Nigeria: Lessons From Thaksin Shinawatra’s Conviction

A couple of weeks back, a former Prime-Minister of The Republic of Thailand, in the person of Thaksin Shinawatra, was sentenced to two (2) years imprisonment by a Court in the country, on charges of corruption and fraudulent embezzlement of public funds, throwing a wide section of this struggling Asian nation into wide ecstasy and jubilation.

It is noteworthy that ex-PM Shinawatra, who was alleged to have shamelessly looted the treasury of his country, siphoning huge sums of monies abroad, had all along been evading arrest and playing the game of hide and seek, as regards returning back home to answer to these charges.
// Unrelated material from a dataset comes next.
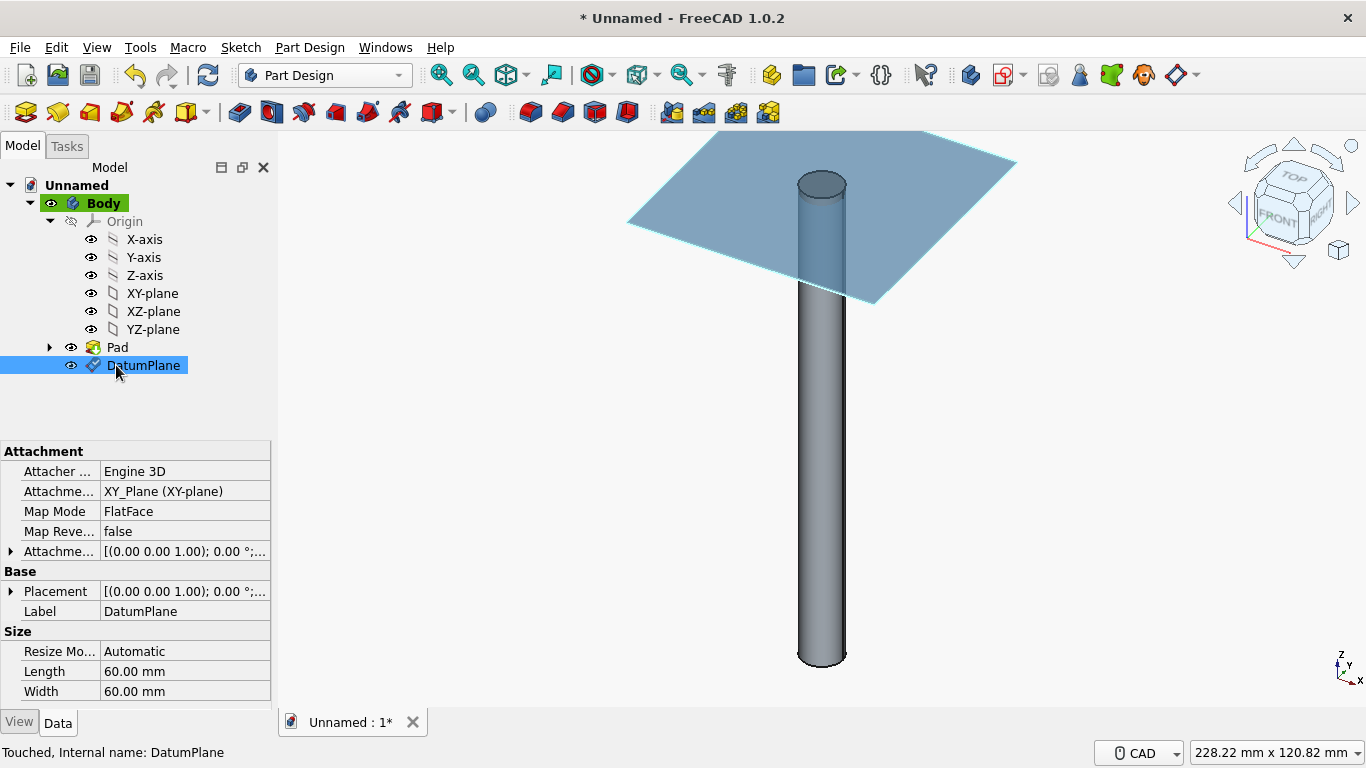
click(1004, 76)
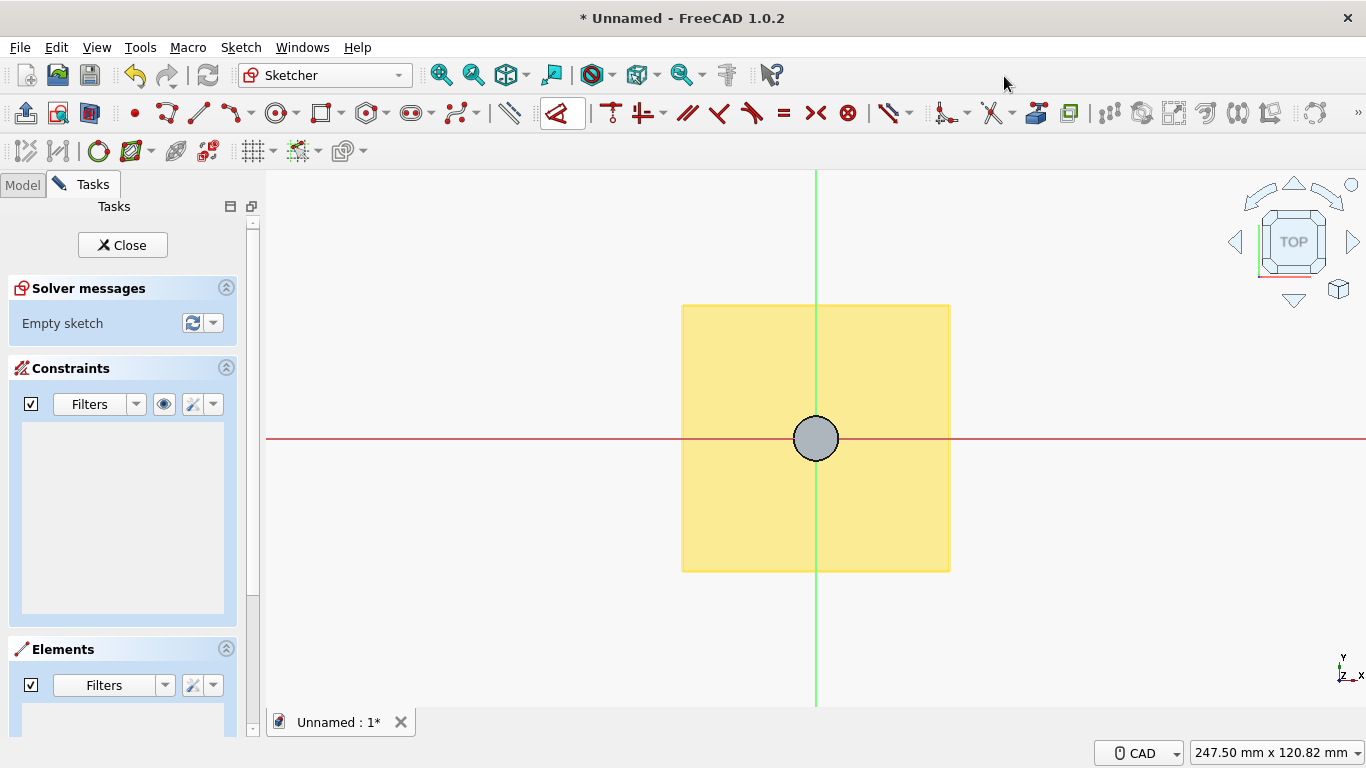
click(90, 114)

Instead of owning up to his sins, he has preferred to remain in exile in England, where he has continued to live large, throwing money around in reckless extravagance, and at one time even became the owner of topflight English Premier League club side, Manchester City, before he later sold it to the Abu Dhabi Group.

Though Thaksin Shinawatra may have been convicted in absence, however, the Shinawatra’s case quickly reminds one of the peculiar corruption in Africa, particularly in Nigeria, and of how many of how leaders have in time past plundered the economy and looted the treasury, and still got away with it. Even though it is not usually unusual for the new governments to quickly institute some phony probe panels and investigative commissions, but the undeniable truth is that they usually fade away as quick as they have come, and only end up been another source of distraction from their real job of governance, deceit, and unnecessary stirring up of the people’s hope.